Even though Russia runs the government, Ukraine still controls the power. And they began cutting off electricity last week. We reached Yevgenia Novitskaya, who served as our interpreter in Crimea. She told us that during the blackouts, she gets by using candles and...

YEVGENIA NOVITSKAYA: Movies downloaded on the laptop to watch with my son when it's too dark to do anything else.

GREENE: Now, Russian officials, she said, have promised to end the dependence on Ukraine and to provide Crimea with full power by 2017. But it's not just power.

NOVITSKAYA: The Visa and MasterCard credit cards are not working. They are blocked. You cannot use your money. You cannot even cash out your money.

GREENE: And last week, Ukraine cut train service to Crimea. Yevgenia was planning to visit her sister in Kiev who's about to have a baby. But now...

NOVITSKAYA: I don't know how to get there.

GREENE: And since Crimea came under Russian rule, Yevgenia has lost a lot of work.

NOVITSKAYA: I'm an interpreter and translator, so I used to work with international companies on international projects with foreign people. And now some people think that we don't need foreign languages anymore because we're in Russia.

GREENE: Who is coming to Crimea? Are there tourists who are coming still?

NOVITSKAYA: Now Crimea is full of government officials on business trips. As for tourism, there is tourism, but it's oriented on Russian markets. In Soviet Union times, Crimea used to be a main health resort of the whole USSR. Even now there are a lot of elder people who used to travel the Crimea when they were young. So they just want to come back to USSR, so to say.

GREENE: (Laughter) But the currency exchange in - I mean, the ruble, which is now the currency there - has just taken a nosedive and dropped in value. Does that mean that even pensioners might not be happy at some point soon?

NOVITSKAYA: Yeah, so the majority of all the goods and products here in Crimea, they are imported. And the price is directly influenced by the exchange rate. In the morning you are buying something at this price, in a couple of hours it will be twice more.

GREENE: So are you sensing a change in opinion in Crimea because of this? Are people starting to get more frustrated with this transformation this year?

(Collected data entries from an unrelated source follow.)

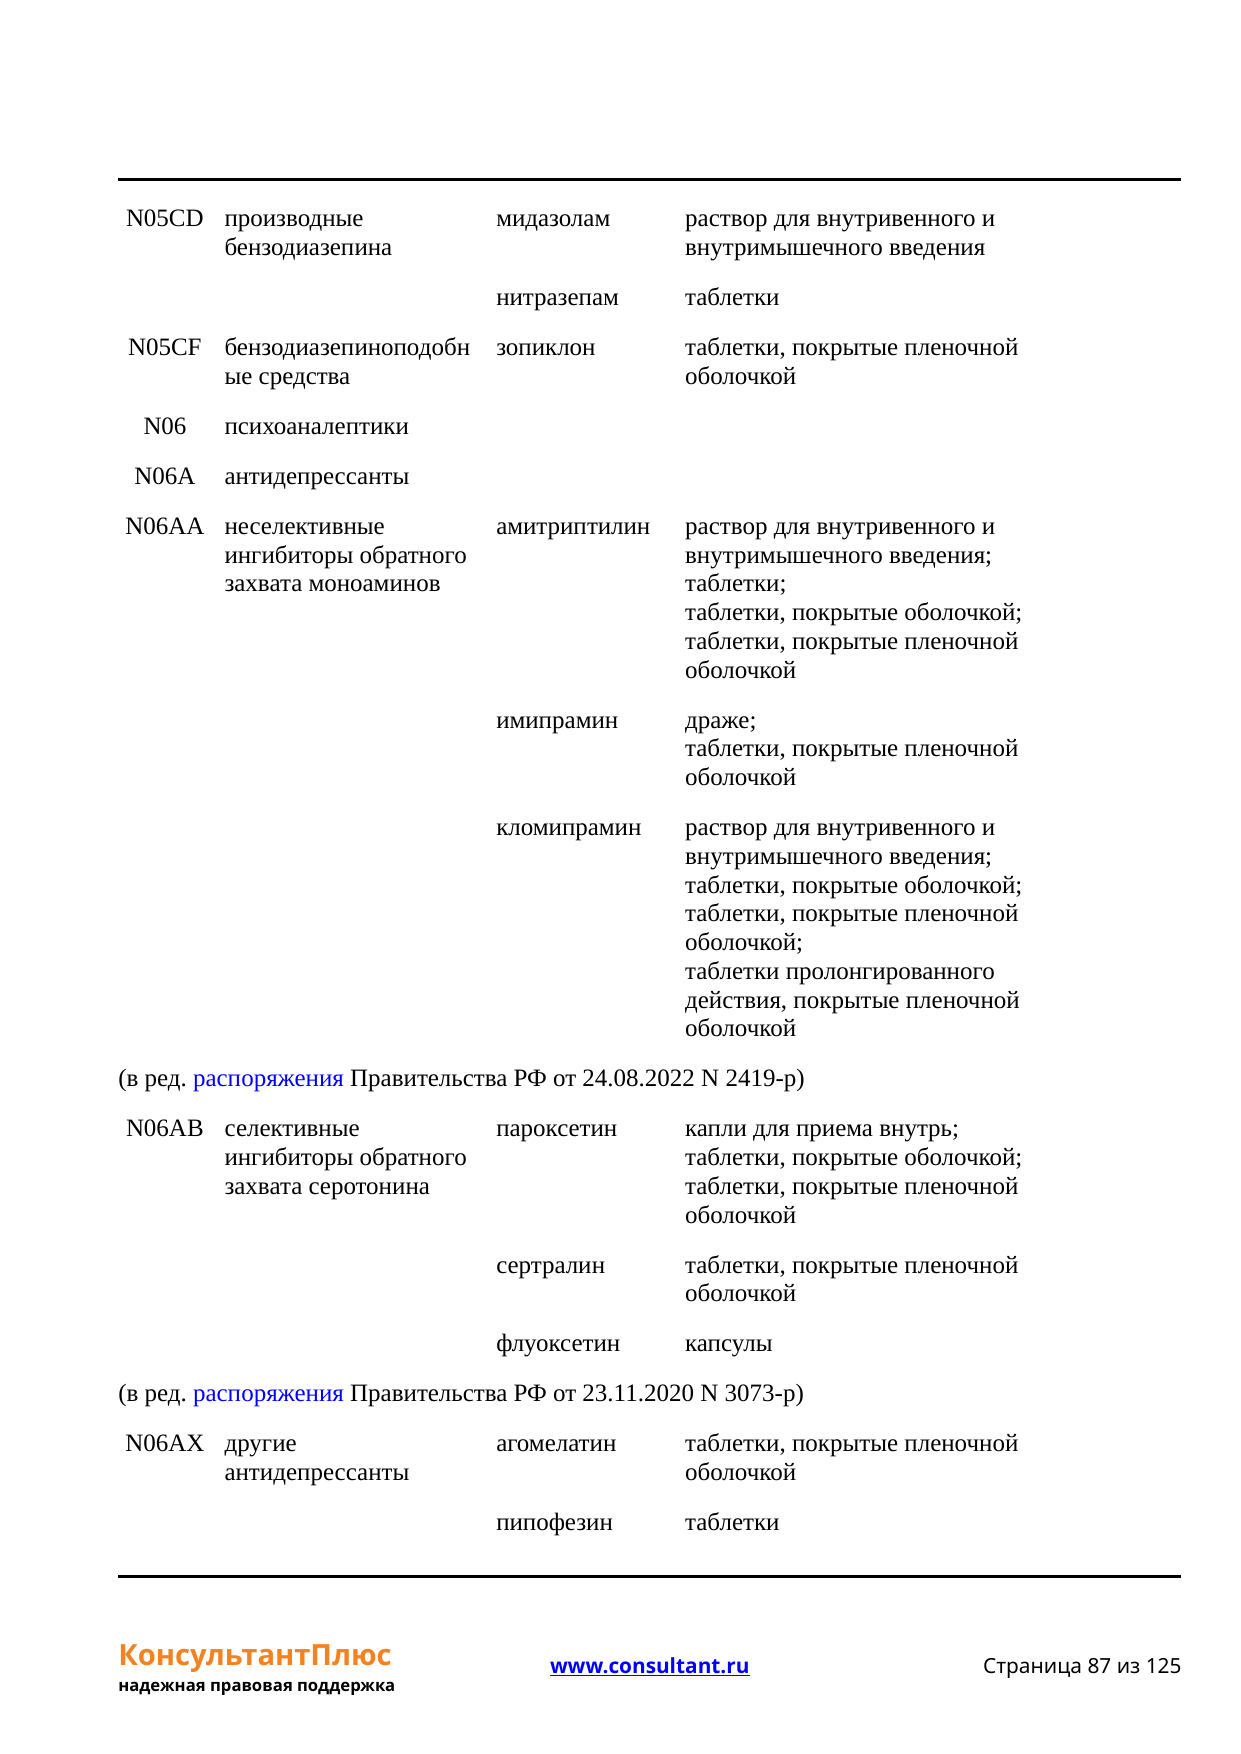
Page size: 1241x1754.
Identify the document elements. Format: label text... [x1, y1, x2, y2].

table_cell таблетки, покрытые пленочной оболочкой [679, 1418, 1056, 1497]
table_cell [490, 400, 678, 450]
table_cell раствор для внутривенного и внутримышечного введения; таблетки, покрытые оболочкой; таблетки, покрытые пленочной оболочкой; таблетки пролонгированного действия, покрытые пленочной оболочкой [679, 802, 1056, 1053]
table_cell амитриптилин [490, 500, 678, 694]
table_cell (в ред. распоряжения Правительства РФ от 24.08.2022 N 2419-р) [112, 1053, 1056, 1103]
table_cell [112, 694, 218, 802]
table_cell кломипрамин [490, 802, 678, 1053]
table_cell драже; таблетки, покрытые пленочной оболочкой [679, 694, 1056, 802]
table_cell N06AX [112, 1418, 218, 1497]
table_cell зопиклон [490, 322, 678, 400]
table_cell [679, 450, 1056, 500]
table_cell имипрамин [490, 694, 678, 802]
table_cell N05CF [112, 322, 218, 400]
table_cell таблетки, покрытые пленочной оболочкой [679, 1239, 1056, 1318]
table_cell [679, 400, 1056, 450]
table_cell сертралин [490, 1239, 678, 1318]
table_cell селективные ингибиторы обратного захвата серотонина [218, 1103, 489, 1368]
table_cell другие антидепрессанты [218, 1418, 489, 1497]
table_cell пипофезин [490, 1497, 678, 1547]
table_cell антидепрессанты [218, 450, 489, 500]
table_cell мидазолам [490, 193, 678, 272]
table_cell неселективные ингибиторы обратного захвата моноаминов [218, 500, 489, 694]
table_cell (в ред. распоряжения Правительства РФ от 23.11.2020 N 3073-р) [112, 1368, 1056, 1418]
table_cell N06AA [112, 500, 218, 694]
table_cell таблетки, покрытые пленочной оболочкой [679, 322, 1056, 400]
table_cell N06A [112, 450, 218, 500]
table_cell [218, 694, 489, 802]
table_cell психоаналептики [218, 400, 489, 450]
table_cell [218, 1497, 489, 1547]
table_cell [218, 802, 489, 1053]
table_cell [112, 1497, 218, 1547]
table_cell флуоксетин [490, 1318, 678, 1368]
table_cell N05CD [112, 193, 218, 272]
table_cell таблетки [679, 1497, 1056, 1547]
table_cell [112, 272, 218, 322]
table_cell [218, 272, 489, 322]
table_cell таблетки [679, 272, 1056, 322]
table_cell раствор для внутривенного и внутримышечного введения [679, 193, 1056, 272]
table_cell бензодиазепиноподобные средства [218, 322, 489, 400]
table_cell нитразепам [490, 272, 678, 322]
table_cell [112, 802, 218, 1053]
table_cell капли для приема внутрь; таблетки, покрытые оболочкой; таблетки, покрытые пленочной оболочкой [679, 1103, 1056, 1239]
table_cell раствор для внутривенного и внутримышечного введения; таблетки; таблетки, покрытые оболочкой; таблетки, покрытые пленочной оболочкой [679, 500, 1056, 694]
table_cell [490, 450, 678, 500]
table_cell капсулы [679, 1318, 1056, 1368]
table_cell N06 [112, 400, 218, 450]
table_cell производные бензодиазепина [218, 193, 489, 272]
table_cell пароксетин [490, 1103, 678, 1239]
table_cell N06AB [112, 1103, 218, 1368]
table_cell агомелатин [490, 1418, 678, 1497]

NOVITSKAYA: Yes and no. I mean, there are several types of Crimeans, some of them who are absolutely unhappy with what is going on. The majority of them left to Ukraine. There are people who are like, we are ready to suffer and we are ready to feel whatever it takes, but we're in Russia. Thank God we are home.

GREENE: Yevgenia, what about your level of happiness? When we spoke a few months ago, you said you had lived through so many changes - I mean, the collapse of the Soviet Union and then living as part of independent Ukraine and now another change. You were ready to live as a single mom with your son and give it time and just sort of get by as best you could. Is that you're feeling still today?

NOVITSKAYA: What else can I do? I used to work for international companies. But now I need to find something else to survive.

GREENE: What about the option of just moving to Kiev like your sister?

NOVITSKAYA: If things are the same, I think I will move, but I don't want to. I want to stay in Crimea because I am Crimean. You know, I travel to Kiev. But I spent there one week there, and I was trying just to feel like I'm living here. How did I feel? That it's not my place.

GREENE: Yevgenia Novitskaya spoke to us from her home in the city of Simferopol.